O presidente Florentino Pérez fez a inexplicável burrada de dispensar o ótimo (e adorado pelo grupo) Carlo Ancelotti para contratar um contestado Rafael Benítez. Após mais uma humilhação caseira diante do Barcelona, corrigiu o erro de forma populista, jogando para a torcida. Colocou no cargo um dos maiores ídolos da história do clube, alguém que não poderia ser massacrado por torcida e imprensa. Colocou um muro entre o erro dele, por ter trazido Benítez, e as críticas.
Zinedine Zidane não tinha histórico como treinador, era um novato. Mas alguém que conhece bem como as coisas funcionam no Real Madrid.
E ele provou, mais uma vez, que o arroz com feijão é a receita infalível nos grandes clubes, com elencos recheados, cheios de egos e estrelas, imprensa em cima, torcida exigente. O melhor é não arriscar mesmo. É fazer o básico.

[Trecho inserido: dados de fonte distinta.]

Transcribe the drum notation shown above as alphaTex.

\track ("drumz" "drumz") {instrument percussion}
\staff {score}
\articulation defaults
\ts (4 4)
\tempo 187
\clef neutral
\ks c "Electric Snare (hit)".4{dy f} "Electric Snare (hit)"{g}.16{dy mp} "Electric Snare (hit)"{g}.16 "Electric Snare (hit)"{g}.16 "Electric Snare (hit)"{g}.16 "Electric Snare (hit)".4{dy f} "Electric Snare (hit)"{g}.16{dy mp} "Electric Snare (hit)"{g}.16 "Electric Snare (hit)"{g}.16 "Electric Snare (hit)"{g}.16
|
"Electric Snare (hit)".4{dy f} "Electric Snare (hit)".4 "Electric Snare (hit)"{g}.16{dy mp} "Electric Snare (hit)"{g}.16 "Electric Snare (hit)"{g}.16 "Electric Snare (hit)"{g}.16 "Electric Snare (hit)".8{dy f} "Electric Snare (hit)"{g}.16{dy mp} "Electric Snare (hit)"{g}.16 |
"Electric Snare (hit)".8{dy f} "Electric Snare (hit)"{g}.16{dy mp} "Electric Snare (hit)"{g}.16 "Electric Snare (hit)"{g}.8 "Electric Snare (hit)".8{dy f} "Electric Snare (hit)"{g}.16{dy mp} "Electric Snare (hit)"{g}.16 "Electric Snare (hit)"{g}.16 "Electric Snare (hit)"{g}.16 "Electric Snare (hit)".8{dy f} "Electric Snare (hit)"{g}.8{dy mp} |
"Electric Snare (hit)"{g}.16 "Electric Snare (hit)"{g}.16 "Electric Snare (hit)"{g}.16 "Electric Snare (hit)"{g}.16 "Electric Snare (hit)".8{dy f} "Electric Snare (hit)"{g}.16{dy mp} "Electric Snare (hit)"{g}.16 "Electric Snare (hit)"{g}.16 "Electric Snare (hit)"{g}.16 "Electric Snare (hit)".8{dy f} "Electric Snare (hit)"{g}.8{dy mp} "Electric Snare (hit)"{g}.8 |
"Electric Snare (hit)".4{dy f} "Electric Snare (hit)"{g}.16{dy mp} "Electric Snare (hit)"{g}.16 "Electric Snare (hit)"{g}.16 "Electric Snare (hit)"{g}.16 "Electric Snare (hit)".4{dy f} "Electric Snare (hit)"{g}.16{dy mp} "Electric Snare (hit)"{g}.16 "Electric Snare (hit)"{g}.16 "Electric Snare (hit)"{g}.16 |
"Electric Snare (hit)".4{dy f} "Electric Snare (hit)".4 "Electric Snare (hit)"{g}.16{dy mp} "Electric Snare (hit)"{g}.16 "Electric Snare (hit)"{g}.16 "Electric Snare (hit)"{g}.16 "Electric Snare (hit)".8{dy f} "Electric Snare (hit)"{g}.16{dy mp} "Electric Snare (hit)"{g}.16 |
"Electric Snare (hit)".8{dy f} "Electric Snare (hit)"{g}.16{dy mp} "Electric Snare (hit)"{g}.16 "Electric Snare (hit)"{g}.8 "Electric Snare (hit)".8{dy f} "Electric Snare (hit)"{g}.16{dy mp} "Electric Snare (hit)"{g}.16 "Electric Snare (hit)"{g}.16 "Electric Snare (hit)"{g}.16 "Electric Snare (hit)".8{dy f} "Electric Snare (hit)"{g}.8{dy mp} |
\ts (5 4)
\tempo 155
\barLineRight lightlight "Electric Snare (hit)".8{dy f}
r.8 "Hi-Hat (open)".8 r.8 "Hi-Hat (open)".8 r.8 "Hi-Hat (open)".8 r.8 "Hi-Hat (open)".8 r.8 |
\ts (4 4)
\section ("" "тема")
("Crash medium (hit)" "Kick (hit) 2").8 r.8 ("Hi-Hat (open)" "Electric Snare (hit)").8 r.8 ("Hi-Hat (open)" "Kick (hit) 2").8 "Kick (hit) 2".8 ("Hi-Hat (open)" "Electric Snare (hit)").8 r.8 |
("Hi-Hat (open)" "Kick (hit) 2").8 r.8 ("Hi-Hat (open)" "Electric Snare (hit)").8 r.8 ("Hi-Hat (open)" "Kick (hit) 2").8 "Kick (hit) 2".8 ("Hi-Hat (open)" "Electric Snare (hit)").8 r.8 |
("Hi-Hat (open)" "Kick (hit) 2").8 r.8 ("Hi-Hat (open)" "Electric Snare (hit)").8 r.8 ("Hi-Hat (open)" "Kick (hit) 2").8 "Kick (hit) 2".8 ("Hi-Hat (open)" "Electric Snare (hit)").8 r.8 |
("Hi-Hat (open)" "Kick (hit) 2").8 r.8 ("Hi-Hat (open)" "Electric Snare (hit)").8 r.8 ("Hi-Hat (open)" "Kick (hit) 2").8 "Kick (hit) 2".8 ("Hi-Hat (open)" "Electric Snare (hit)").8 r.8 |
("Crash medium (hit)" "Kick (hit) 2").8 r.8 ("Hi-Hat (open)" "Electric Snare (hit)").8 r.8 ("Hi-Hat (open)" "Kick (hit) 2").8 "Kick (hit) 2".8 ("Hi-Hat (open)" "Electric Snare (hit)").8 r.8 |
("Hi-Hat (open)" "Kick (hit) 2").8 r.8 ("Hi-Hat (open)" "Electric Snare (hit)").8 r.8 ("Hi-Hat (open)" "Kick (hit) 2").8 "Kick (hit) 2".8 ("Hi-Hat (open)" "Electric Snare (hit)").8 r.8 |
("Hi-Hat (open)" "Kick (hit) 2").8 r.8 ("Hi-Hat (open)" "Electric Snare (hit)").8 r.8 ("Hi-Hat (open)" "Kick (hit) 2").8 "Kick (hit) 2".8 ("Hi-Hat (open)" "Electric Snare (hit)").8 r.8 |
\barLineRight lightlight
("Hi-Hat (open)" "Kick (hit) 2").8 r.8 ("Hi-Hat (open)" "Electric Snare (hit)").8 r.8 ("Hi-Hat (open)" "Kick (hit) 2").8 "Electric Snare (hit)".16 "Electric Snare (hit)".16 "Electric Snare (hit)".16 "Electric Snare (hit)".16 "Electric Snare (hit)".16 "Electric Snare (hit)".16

Por básico, entende-se: tratar os jogadores como eles gostam, misturando autoridade e amizade. Fazer o lógico taticamente, deixando a coisa fluir mais do que tentar inventar moda. Respeitar o estilo de jogo que agrade a torcida. Dar liberdade para seu melhor jogador se sentir útil, importante e prestigiado.
Ancelotti, em 2014, e mesmo Benítez, em seu curto período no clube, perceberam que era necessário ter um homem de corte defensivo no meio de campo para trazer equilíbrio ao time. Modric e Kroos tinham que fazer parte do sistema defensivo, mas também eram fundamentais para a construção de jogo. Precisavam de alguma liberdade para isso. Zidane "inventou moda" no começo. Quis usar Isco, James. Abriu mão de Casemiro.
Mas foi sábio suficiente para fazer o que muitos técnicos não fazem: corrigir o erro. E rapidamente. Deixou o orgulho de lado e, após uma derrota para o Atlético na liga espanhola, em pleno Bernabéu, voltou atrás. Talvez tenha se lembrado de como era importante Makelele naquele time do Real Madrid em que ele foi campeão europeu. Dispensado por Florentino, assim como Vicente del Bosque, outro grande exemplo de técnico que triunfa com o arroz com feijão.
Zidane se lembrou de Del Bosque. De Ancelotti. Do fracasso da era "galáctica", sem carregadores de piano. E fez o básico. Menos é mais, já diria o outro.
Na final contra o Atlético, o Real Madrid jogou um futebol básico. Correu riscos pela falta de "punch" no segundo tempo. Mas saiu com a taça.
O que será de Zidane? Não sabemos. O que será de Simeone e do cholismo? Terá o Atlético desperdiçado, pela segunda vez, a chance de uma vida? Veremos nas próximas semanas.
Com Casemiro segurando as pontas e Cristiano Ronaldo resolvendo na frente (menos na final), o Real Madrid chega à décima primeira Copa da Europa. Deu sorte no caminho rumo à decisão. Foi nos pênaltis. Foi com gol impedido e o melhor em campo não deveria mais estar em campo. Não é a mais inesquecível das 11, enfim.
Mas a taça está no Bernabéu mais uma vez. O resto da Europa que se vire para alcançar. O museu do Real Madrid vai arrumar um espacinho para mais uma. E nas ruas de Madri já se fala da "Duodécima". Porque esse clube vive disso: ser o maior da Europa.